By Urmi Ashok Badiyani* 

The subject of inheritance is governed by the personal laws in India. The personal laws regulate marriage, divorce, maintenance, inheritance and succession for the citizens. These laws differ in line with the religion that a person belongs to.
For example, all Muslims in India are governed by Muslim Personal Law (Shariat) Application Act, 1937 whereas all Hindus are governed by acts such as Hindu Succession Act of 1956, Hindu Marriage Act of 1955 and Hindu Code Bill. These personal laws govern how the property of a person is inherited. In addition to these laws, there are state laws that govern inheritance of certain assets such as land.
In most of the personal laws, the way in which property is inherited by the members differs for men and women. A Muslim daughter inherits only half of the inheritance given to a Muslim son and a wife’s right to a husband’s property is half of a husband’s right to the wife’s property. It is also interesting to note the terminology used by the laws. Sons are considered to be sharers of the properties whereas daughters are considered to be residuaries.
A Hindu woman’s parents have a right on her property only if she has no husband or children but the same is not the case for a Hindu man. A Parsi woman loses her right to inheritance if she marries a non-Parsi. Similarly, a non-Parsi wife cannot claim inheritance to her husband’s estate.

Biases in the state laws

While the inheritance of property is governed by personal laws which are uniform across the country, inheritance of agricultural land is governed by state laws. In states such as Uttar Pradesh (up until 2020) and Uttarakhand, transgenders were not allowed to inherit land. In States such as Haryana, Himachal Pradesh, Jammu and Kashmir and Punjab, daughters do not inherit the farm land of their parents.
These inheritance laws have two major implications:
  1. Women get an unequal access to the financial assets. The asset ownership in India is skewed in favour of men. The exact extent of this cannot be calculated due to the lack of data on the subject collected by the government.
  2. As all the laws are written in gender binary, people identifying themselves as gender fluid or non-binary are completely excluded from the inheritance laws. During the inheritance cases, these people are forced to be bucketed as either male or female to claim their shares. This identity is sometimes borrowed from their birth certificate. There are a lot of instances where such people are denied the rights to inherit the family property, thus putting them in a financially stressful situation.
The percentage of total property owned by women and transgender is quite low in India. This becomes even worse when we talk about productive assets such as farm land. These laws create a framework wherein a section of our society is derived from gaining access to financial equality and working towards creating financial stability for themselves. 
Generation after generation, concentration of assets in the hands of males is increased and the disparity that currently exists would continue or be worsened if the laws that are biased continue to exist.

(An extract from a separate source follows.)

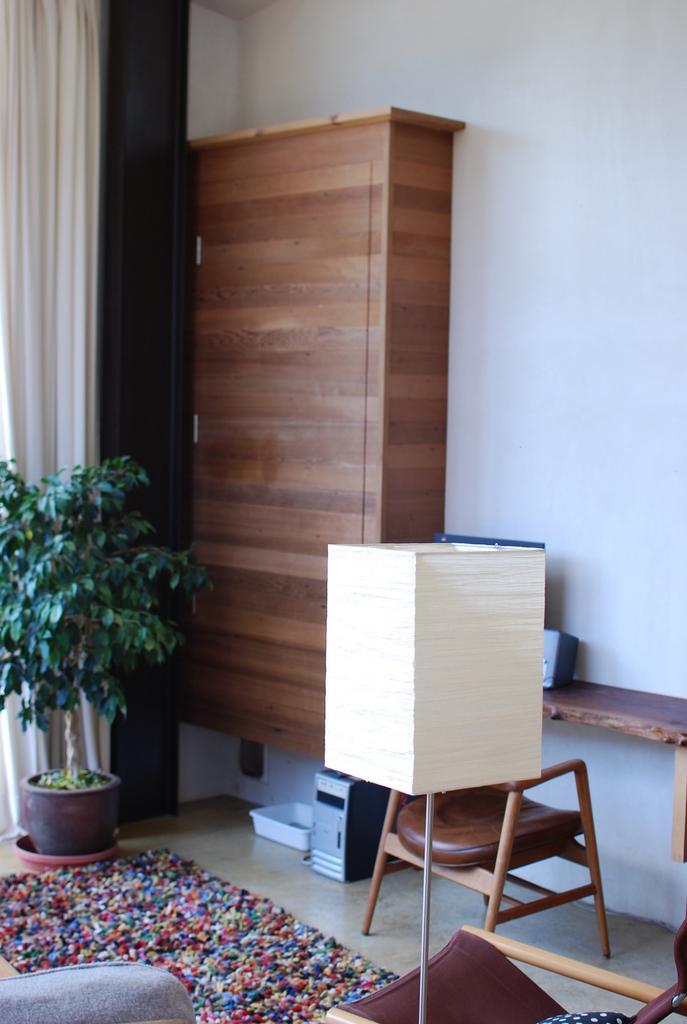How would you summarize this image in a sentence or two? The image is inside the room. In the image on right side we can see a chair, table on table there is a speaker and we can also see in background plant with some flower pot,curtains in white color,tree. in background there is a wall which is in white color.

Why are these laws even present?

The laws are built on the assumption that men will be the providers of the family with the responsibility of meeting the needs of the family, women will undertake the unpaid labour at home and non-binary people will be eliminated from the system.
In addition there is an underlying idea that men are heirs and carry forward the family legacy because of which they inherit the wealth from their parents whereas women are married and given a share of their wealth in the form of moveable property like jewellery. These assumptions about division of work and strict boundaries of gender led to creation of these gendered inheritance laws.
Generation after generation, concentration of assets in the hands of males is increased and disparity that currently exists would worsen
Article 14 of the Indian constitution states that no person will be denied equality in the eyes of law and Article 15 states that there shall be no discrimination against any citizen on grounds of religion, race, caste, sex and place of birth.
On perusal of the rules stated above, it is clear that the existing inheritance laws in place deny the right of equality and non-discrimination that is bestowed upon by the constitution of India on her citizens as their fundamental rights.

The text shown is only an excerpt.